These faceless entities — basically different mutations of one group (going by the names like Noon Day Asset Management Asia and Farallon Capital Institutional Partners) — and 11 such firms  own 37% of the company’s debt.

The Essar fallout prompted Parliament  to also look into the mystery of Orange Kenya which keeps asking for more government support even as the government loses equity in the company.

Since then, the government announced that a new office will advise the government on  state investments: Attorney-General Githu Muigai said the Government Transaction Advisory Services Office will guide state deals with the aim of sealing opportunities where the latter has been losing its shareholding in parastatals without monetary gain.
  
EDIT: Another divestment is Kenya Wine Agencies Limited (KWAL) finally exiting Uchumi after disposing off all its shares. It had 18% in 2004 and 4% in 2012. - via @NSEKenya 

Done Deals

Recent M&A deals approved by the Kenya Competition Authority include:

Agri-Business:  The  acquisition of Juhudi Kilimo (turnover of Kshs 30 million) by Soros Economic Development Fund.
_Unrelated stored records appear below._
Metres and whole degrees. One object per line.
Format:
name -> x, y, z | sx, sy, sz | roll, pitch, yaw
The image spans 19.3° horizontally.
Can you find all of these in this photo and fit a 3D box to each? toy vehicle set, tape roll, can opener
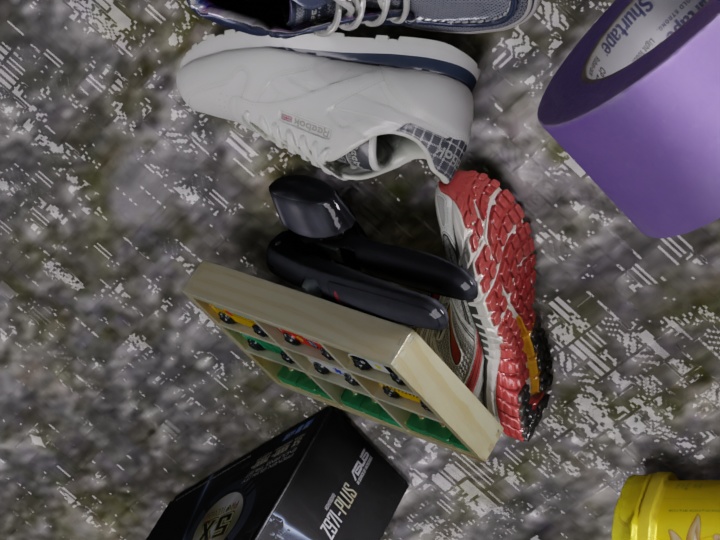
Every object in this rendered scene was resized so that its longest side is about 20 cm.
toy vehicle set -> -0.013, 0.057, 1.374 | 0.200, 0.027, 0.124 | 17, 158, 44
tape roll -> 0.192, -0.116, 1.099 | 0.085, 0.200, 0.200 | 44, 131, -12
can opener -> 0.000, 0.000, 1.329 | 0.200, 0.063, 0.079 | 29, 163, 52

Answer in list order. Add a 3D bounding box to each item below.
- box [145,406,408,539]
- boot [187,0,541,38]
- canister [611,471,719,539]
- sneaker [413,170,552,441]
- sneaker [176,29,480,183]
box -> -0.084, 0.210, 1.512 | 0.086, 0.164, 0.200 | 46, 132, -13
boot -> 0.002, -0.161, 1.232 | 0.199, 0.090, 0.073 | 11, 129, 19
canister -> 0.279, 0.202, 1.381 | 0.199, 0.087, 0.149 | -3, 124, 26
sneaker -> 0.066, 0.026, 1.354 | 0.082, 0.078, 0.201 | 7, 127, 23
sneaker -> -0.027, -0.098, 1.287 | 0.199, 0.081, 0.076 | 4, 169, 26

Aviation: The acquisition of Lady Lori Kenya by Ian Mbuthia Mimano, Adi Vinner and Peter Nthiga Njagi.

Education: The  purchase of 60% of Safer World Investments by School Operators Limited (owners of Peponi School) (The two will have a combined turnover of Kshs 672 million or ~$8 million)

Finance & Banking: The acquisition of Francis Thuo & Partners by Equity Investment Bank.

Food: The acquisition of 66% of Coca-Cola Juices Kenya by the Coca-Cola Export Corporation.

The  acquisition of Lonrho PLC by FS Africa  (as part of a $280 million deal in South Africa).

The acquisition of Ma Cuisine by Harper Holdings.

Health: The acquisition of Jampharm Chemist by Viva Afya (the two have a combined turnover of Kshs. 19.5 million).
  
The acquisition of Ascribe Group (which has a turnover of Kshs 70 million) by Emis Group.

Deals Bubbling

Brookside Dairies have taken over Buzeki, the makers of Molo Milk, in a Kshs 1.1 billion ($13 million) deal that increases Brookside’s share of the dairy market to 44%. 

EDIT GAZETTE NOTICE No.  15068 - THE TRANSFER OF BUSINESSES ACT


NOTICE is given that the furniture, fittings, fixtures and the assets and the stock being the business of manufacturing and selling of milk and milk products owned by Buzeki Dairy Limited (the “Transferor”) on the premises situated at Ganjoni, Mombasa have been sold and transferred by the Transferor to Brookside Dairy Limited who will carry on the said business of manufacturing and selling of manufacture of milk and milk products at the premises of Brookside Dairy Limited under the name and style of Brookside Dairy Limited (the “Transferee”) with effect from 1st November, 2013 (the “Completion Date”).


The address of the Transferor is Post Office Box Number P. O. Box 85532-80100, Mombasa, Kenya.
The address of the Transferee is Post Office Box Number P.O. Box 236–00232 Ruiru, Kenya.

The Transferee is not assuming nor does it intend to assume any creditors or debtors of the Transferor incurred in connection with the purchase and business of the assets of the Transferor up to and including the Completion Date and the same shall be paid and discharged by the Transferor and likewise all debts and liabilities owing and due to the Transferor up to and including the Completion Date shall be received by the Transferor.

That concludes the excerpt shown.